SYSPWR is the main supply of the DLPA3000. It can range from 6V to 20V, where the typical is 12 V. At power-up, several (internal) power supplies are started one after the other in order to make the system work correctly (Figure 2). A sequential startup ensures that all the different blocks start in a certain order and prevent excessive startup currents. The main control to start the DLPA3000 is the control pin “PROJ_ON”. Once set high the basic analog circuitry is started that is needed to operate the digital and SPI interface. This circuitry is supplied by two LDO regulators that generate 2.5 V (SUP_2P5V) and 5 V (SUP_5P0V). These regulator voltages are for internal use only and should not be loaded by an external application. The output capacitors of those LDOs should be 2.2 µF for the 2.5 V LDO and 4.7 µF for the 5 V LDO, pin 91 and 92, respectively. Once these are up the digital core is started, and the DLPA3000 Digital State Machine (DSM) takes over.

Subsequently, the 5.5 V LDOs for various blocks are started: PWR_5V5V, DRST_5P5V and ILLUM_5P5V. Next, the buck converters and DMD LDOs are started (PWR_1 to PWR_4). The DLPA3000 is now awake and ready to be controlled by the DLPC (indicated by RESET_Z going high).

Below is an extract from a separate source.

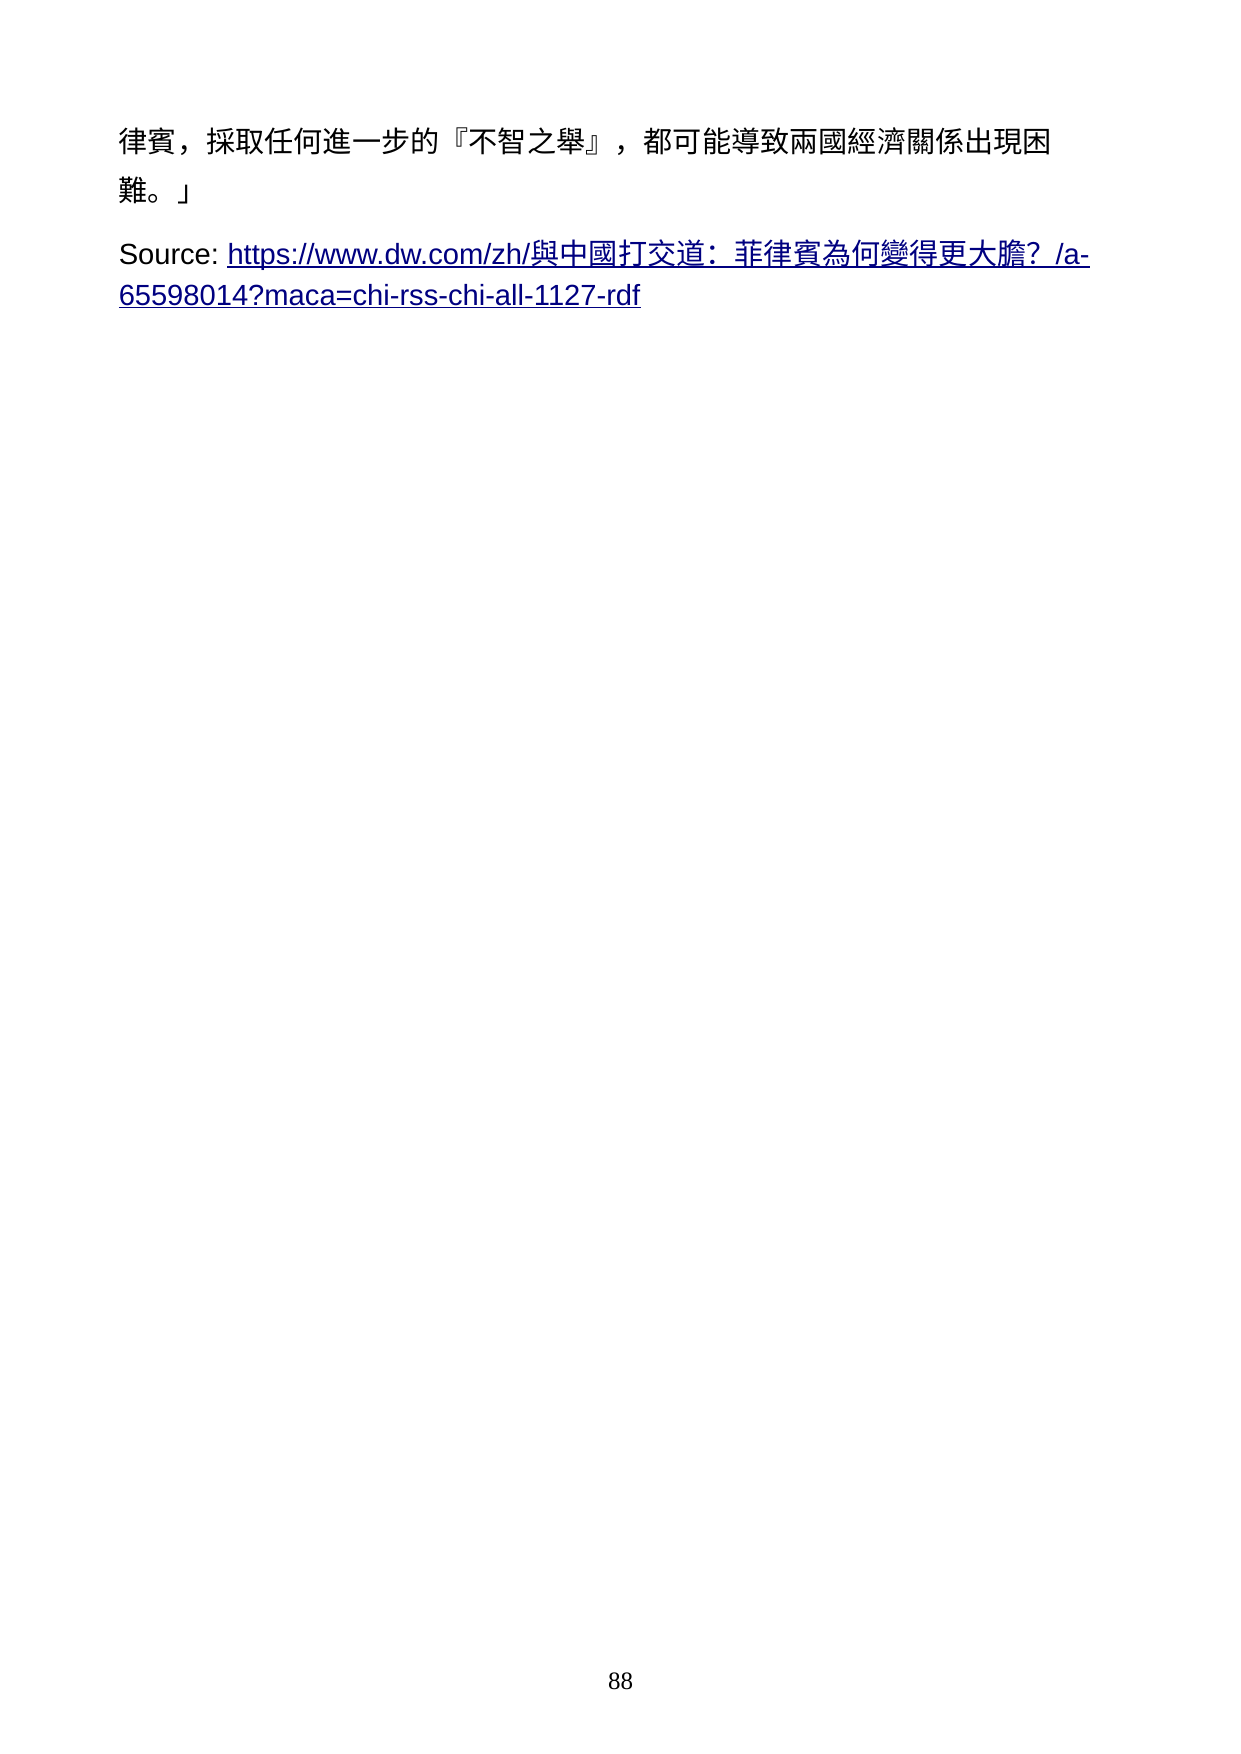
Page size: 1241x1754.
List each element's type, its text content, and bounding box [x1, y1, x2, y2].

Lastly, the general purpose buck converters (PWR_5 to 7) can be started (if used) as well as the regulator that supplies the DMD. The DMD regulator generates the timing critical VOFFSET, VBIAS and VRESET supplies.

DLPA3000 Powerup_Timing.gifFigure 2. Powerup Timing (1)
Arrows indicate sequence of events automatically controlled by digital state machine. Other events are initiated under SPI control.